§ **EXERCISE REQUIREMENTS**: From the first line of the records below through the line with "Every object in", output each line exactly; skip the pictures.

§ **MATERIAL PROVIDED**:
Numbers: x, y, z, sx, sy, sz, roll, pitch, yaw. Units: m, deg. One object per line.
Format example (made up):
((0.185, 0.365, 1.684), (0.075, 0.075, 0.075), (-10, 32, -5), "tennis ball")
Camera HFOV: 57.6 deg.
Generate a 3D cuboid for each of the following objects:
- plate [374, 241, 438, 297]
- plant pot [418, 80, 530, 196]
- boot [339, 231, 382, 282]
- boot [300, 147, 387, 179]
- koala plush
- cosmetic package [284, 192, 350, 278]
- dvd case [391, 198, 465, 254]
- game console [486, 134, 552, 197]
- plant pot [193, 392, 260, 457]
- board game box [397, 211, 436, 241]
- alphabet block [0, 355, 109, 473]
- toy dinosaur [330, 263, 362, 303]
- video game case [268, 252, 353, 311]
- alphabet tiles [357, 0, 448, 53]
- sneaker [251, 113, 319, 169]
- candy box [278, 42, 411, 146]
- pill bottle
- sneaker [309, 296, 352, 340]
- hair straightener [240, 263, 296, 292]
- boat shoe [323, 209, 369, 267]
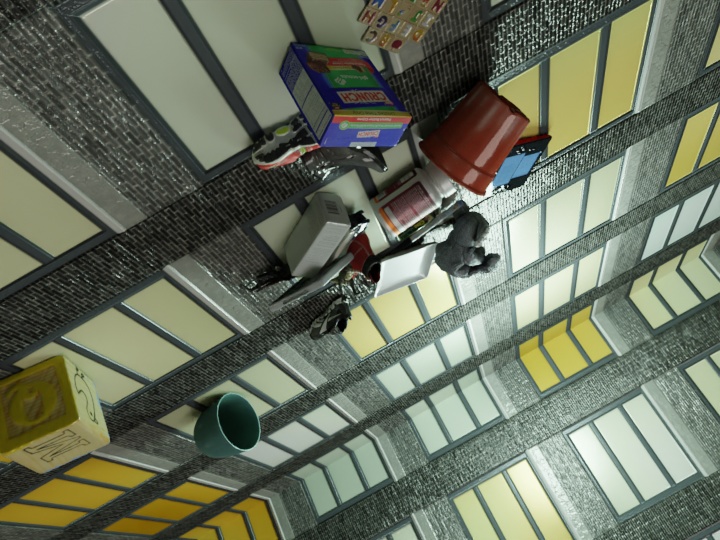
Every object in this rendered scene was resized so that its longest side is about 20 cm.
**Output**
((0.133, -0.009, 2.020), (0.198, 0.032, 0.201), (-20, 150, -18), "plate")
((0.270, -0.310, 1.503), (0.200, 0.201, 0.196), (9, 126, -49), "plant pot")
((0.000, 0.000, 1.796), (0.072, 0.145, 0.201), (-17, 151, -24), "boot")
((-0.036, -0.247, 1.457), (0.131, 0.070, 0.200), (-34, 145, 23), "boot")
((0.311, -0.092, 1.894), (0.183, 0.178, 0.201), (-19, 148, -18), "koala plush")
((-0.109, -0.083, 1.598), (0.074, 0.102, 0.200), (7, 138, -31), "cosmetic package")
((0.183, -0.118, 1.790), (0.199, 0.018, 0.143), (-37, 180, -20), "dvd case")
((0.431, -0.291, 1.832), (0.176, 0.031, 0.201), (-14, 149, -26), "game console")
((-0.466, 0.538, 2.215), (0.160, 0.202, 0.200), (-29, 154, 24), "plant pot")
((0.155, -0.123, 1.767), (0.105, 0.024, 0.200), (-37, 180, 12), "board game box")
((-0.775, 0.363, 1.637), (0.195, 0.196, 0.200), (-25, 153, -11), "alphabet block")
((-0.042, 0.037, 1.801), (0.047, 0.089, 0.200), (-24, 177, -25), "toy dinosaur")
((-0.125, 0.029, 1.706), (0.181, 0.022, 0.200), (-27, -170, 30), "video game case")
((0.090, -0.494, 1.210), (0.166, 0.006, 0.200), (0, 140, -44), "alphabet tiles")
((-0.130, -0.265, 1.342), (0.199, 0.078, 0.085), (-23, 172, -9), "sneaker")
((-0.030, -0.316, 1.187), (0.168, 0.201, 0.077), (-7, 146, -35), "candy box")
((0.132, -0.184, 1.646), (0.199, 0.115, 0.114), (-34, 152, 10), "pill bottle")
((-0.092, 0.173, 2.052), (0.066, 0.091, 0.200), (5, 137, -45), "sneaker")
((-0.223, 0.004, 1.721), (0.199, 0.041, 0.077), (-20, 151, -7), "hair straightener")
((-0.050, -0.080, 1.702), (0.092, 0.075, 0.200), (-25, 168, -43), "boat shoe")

§ **COMPLETED TASK**:
Numbers: x, y, z, sx, sy, sz, roll, pitch, yaw. Units: m, deg. One object per line.
Format example (made up):
((0.185, 0.365, 1.684), (0.075, 0.075, 0.075), (-10, 32, -5), "tennis ball")
Camera HFOV: 57.6 deg.
Generate a 3D cuboid for each of the following objects:
- plate [374, 241, 438, 297]
- plant pot [418, 80, 530, 196]
- boot [339, 231, 382, 282]
- boot [300, 147, 387, 179]
- koala plush
- cosmetic package [284, 192, 350, 278]
- dvd case [391, 198, 465, 254]
- game console [486, 134, 552, 197]
- plant pot [193, 392, 260, 457]
- board game box [397, 211, 436, 241]
- alphabet block [0, 355, 109, 473]
- toy dinosaur [330, 263, 362, 303]
- video game case [268, 252, 353, 311]
- alphabet tiles [357, 0, 448, 53]
- sneaker [251, 113, 319, 169]
- candy box [278, 42, 411, 146]
- pill bottle
- sneaker [309, 296, 352, 340]
- hair straightener [240, 263, 296, 292]
- boat shoe [323, 209, 369, 267]
Every object in this rendered scene was resized so that its longest side is about 20 cm.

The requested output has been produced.